Pictures aside, the data must be reproduced exactly.

===== DATA LISTING

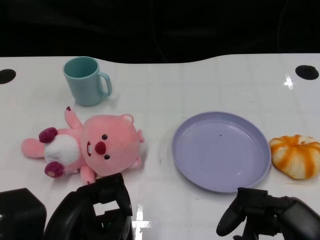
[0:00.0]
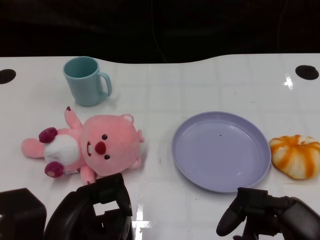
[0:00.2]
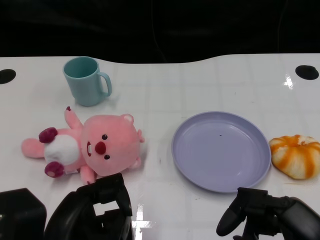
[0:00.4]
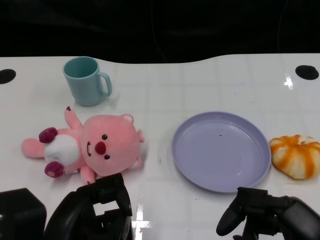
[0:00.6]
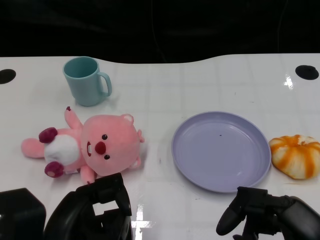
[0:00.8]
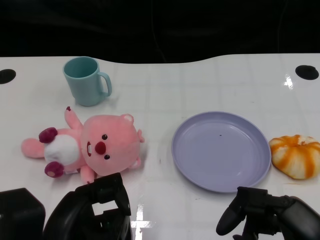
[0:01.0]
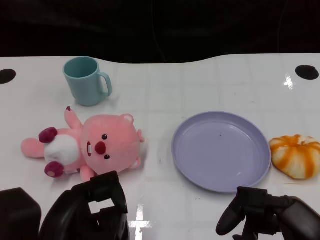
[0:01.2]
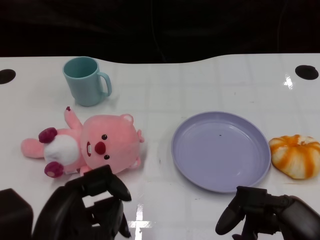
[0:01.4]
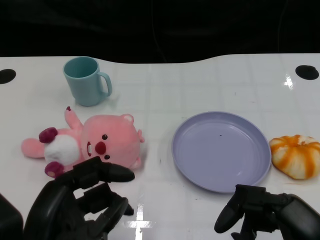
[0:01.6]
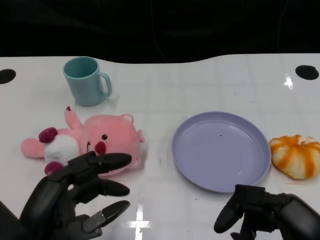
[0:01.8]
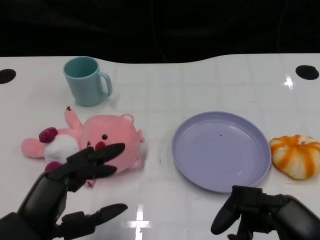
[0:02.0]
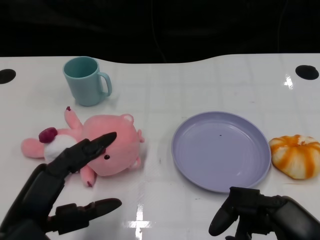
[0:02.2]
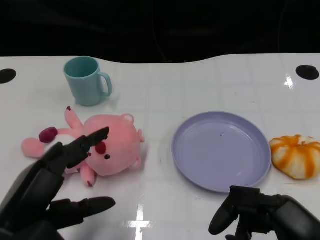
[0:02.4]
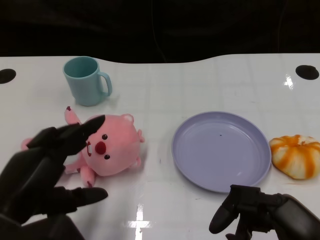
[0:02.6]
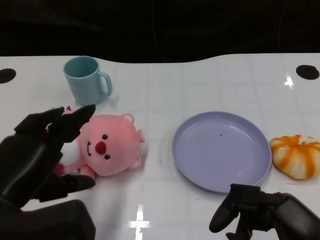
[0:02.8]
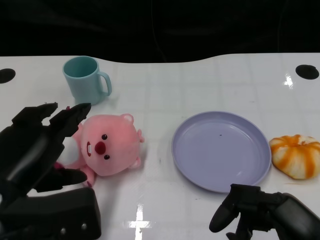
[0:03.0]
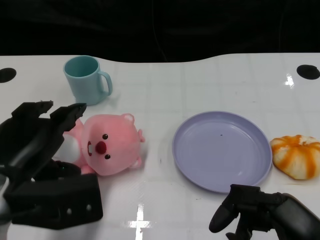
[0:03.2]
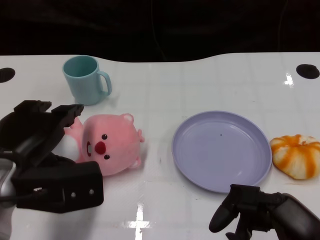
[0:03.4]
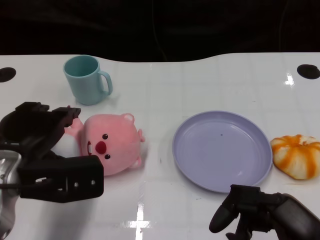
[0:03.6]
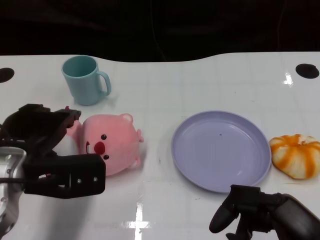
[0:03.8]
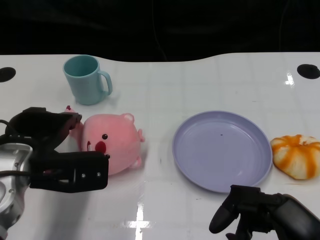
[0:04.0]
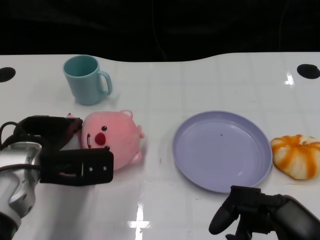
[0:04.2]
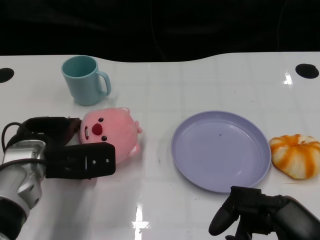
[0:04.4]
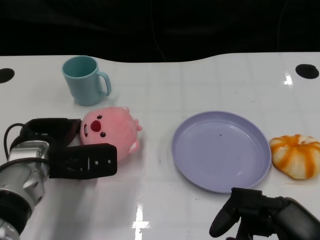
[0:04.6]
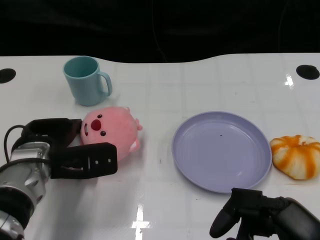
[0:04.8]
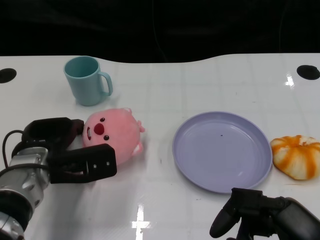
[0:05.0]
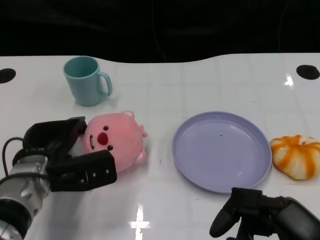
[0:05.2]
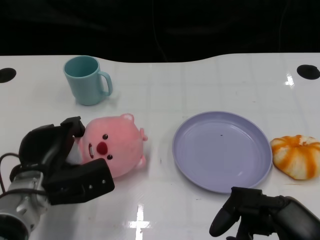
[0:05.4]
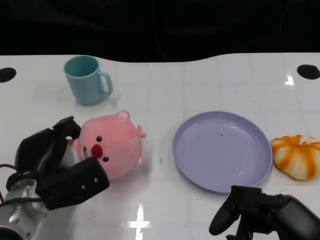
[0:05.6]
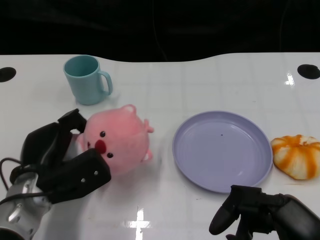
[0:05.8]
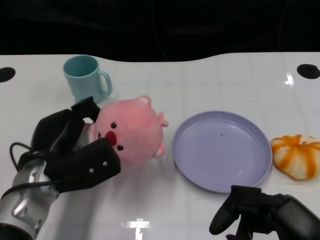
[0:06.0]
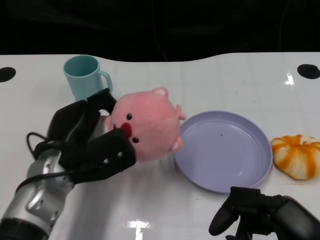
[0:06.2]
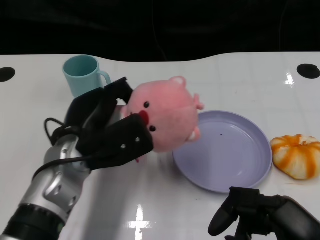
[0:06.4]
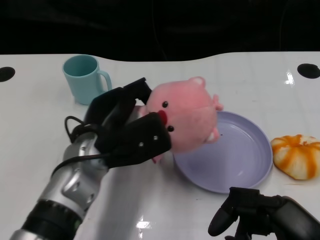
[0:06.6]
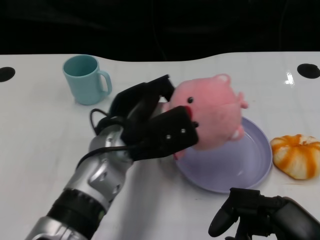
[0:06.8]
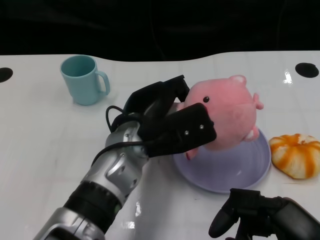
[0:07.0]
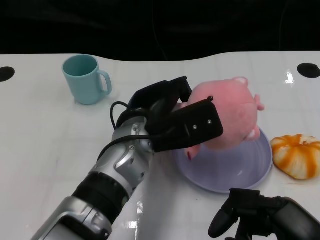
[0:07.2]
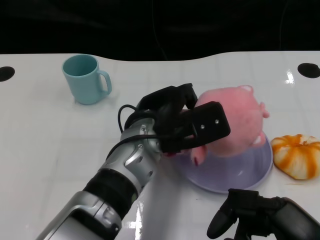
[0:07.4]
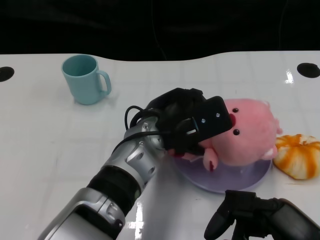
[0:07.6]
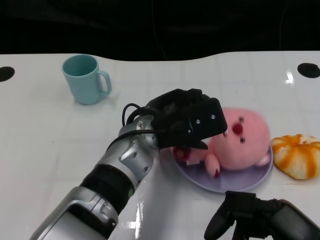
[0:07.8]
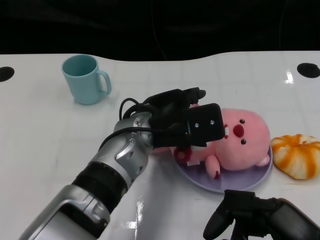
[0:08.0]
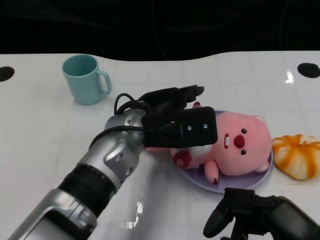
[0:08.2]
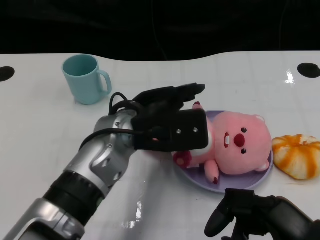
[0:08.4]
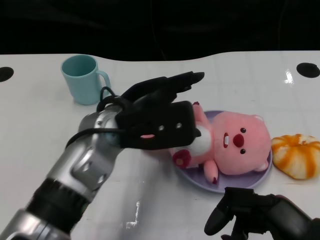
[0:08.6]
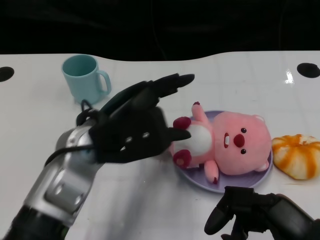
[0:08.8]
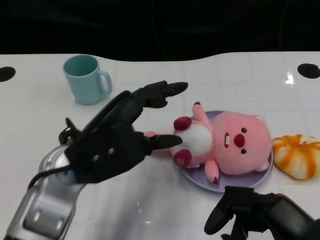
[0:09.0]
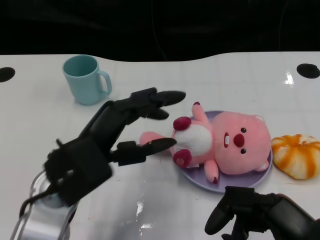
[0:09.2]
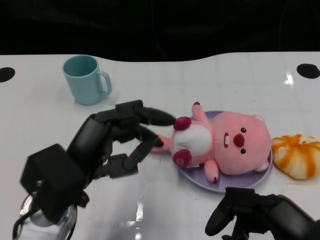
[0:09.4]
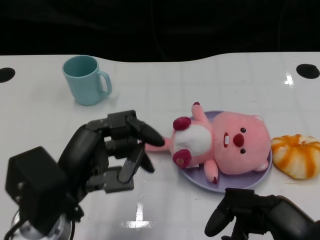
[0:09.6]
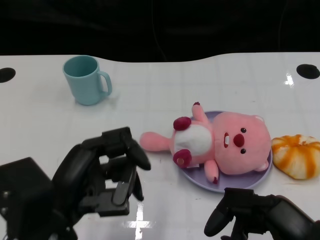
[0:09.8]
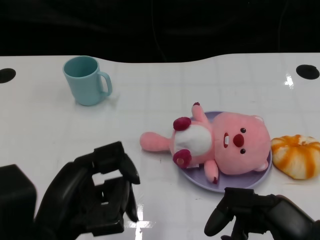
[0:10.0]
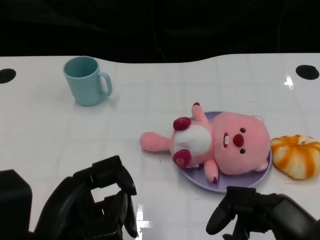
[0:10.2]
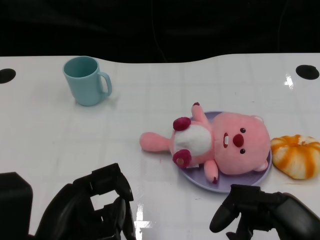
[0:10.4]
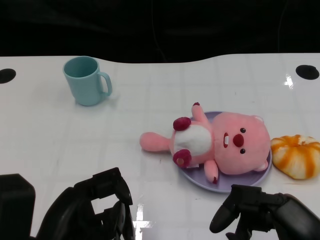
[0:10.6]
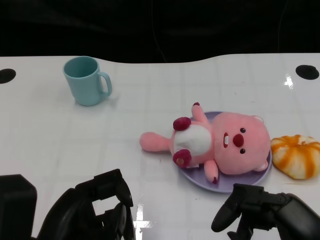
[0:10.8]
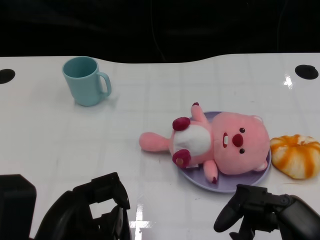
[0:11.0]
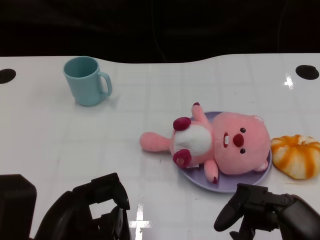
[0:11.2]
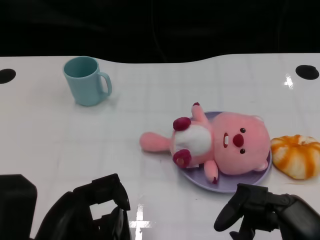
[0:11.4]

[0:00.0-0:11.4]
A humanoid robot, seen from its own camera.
Task of the whole recording: Pick up the doll on one side of the plate and place it into the plate.
Step, 0:01.2 to 0:05.6: Grasp the pink doll with the left gripper.
Step, 0:05.8 to 0:08.0: Place the pink doll into the plate with the left gripper.
0:01.4 to 0:02.8: The left hand moves some 5 cm.
0:02.8 to 0:04.2: The left hand moves forward, approximately 10 cm.
0:04.2 to 0:05.6: The left hand travels downward by about 5 cm.
0:05.6 to 0:07.2: The left hand heads to the right and upward, covering approximately 20 cm.
0:07.2 to 0:08.6: The left hand moves roughly 5 cm.
0:08.6 to 0:10.0: The left hand travels backward and to the left by approximately 15 cm.
0:10.0 to 0:11.4: The hands move only a little.

==========

OUTPUT OF THE EXERCISE
[0:00.0]
[0:00.2]
[0:00.4]
[0:00.6]
[0:00.8]
[0:01.0]
[0:01.2]
[0:01.4]
[0:01.6]
[0:01.8]
[0:02.0]
[0:02.2]
[0:02.4]
[0:02.6]
[0:02.8]
[0:03.0]
[0:03.2]
[0:03.4]
[0:03.6]
[0:03.8]
[0:04.0]
[0:04.2]
[0:04.4]
[0:04.6]
[0:04.8]
[0:05.0]
[0:05.2]
[0:05.4]
[0:05.6]
[0:05.8]
[0:06.0]
[0:06.2]
[0:06.4]
[0:06.6]
[0:06.8]
[0:07.0]
[0:07.2]
[0:07.4]
[0:07.6]
[0:07.8]
[0:08.0]
[0:08.2]
[0:08.4]
[0:08.6]
[0:08.8]
[0:09.0]
[0:09.2]
[0:09.4]
[0:09.6]
[0:09.8]
[0:10.0]
[0:10.2]
[0:10.4]
[0:10.6]
[0:10.8]
[0:11.0]
[0:11.2]
[0:11.4]

[0:00.0-0:11.4]
A humanoid robot, seen from its own camera.
Task of the whole recording: Pick up the doll on one side of the plate and place it into the plate.
Step, 0:01.2 to 0:05.6: Grasp the pink doll with the left gripper.
Step, 0:05.8 to 0:08.0: Place the pink doll into the plate with the left gripper.
0:01.4 to 0:02.8: The left hand moves some 5 cm.
0:02.8 to 0:04.2: The left hand moves forward, approximately 10 cm.
0:04.2 to 0:05.6: The left hand travels downward by about 5 cm.
0:05.6 to 0:07.2: The left hand heads to the right and upward, covering approximately 20 cm.
0:07.2 to 0:08.6: The left hand moves roughly 5 cm.
0:08.6 to 0:10.0: The left hand travels backward and to the left by approximately 15 cm.
0:10.0 to 0:11.4: The hands move only a little.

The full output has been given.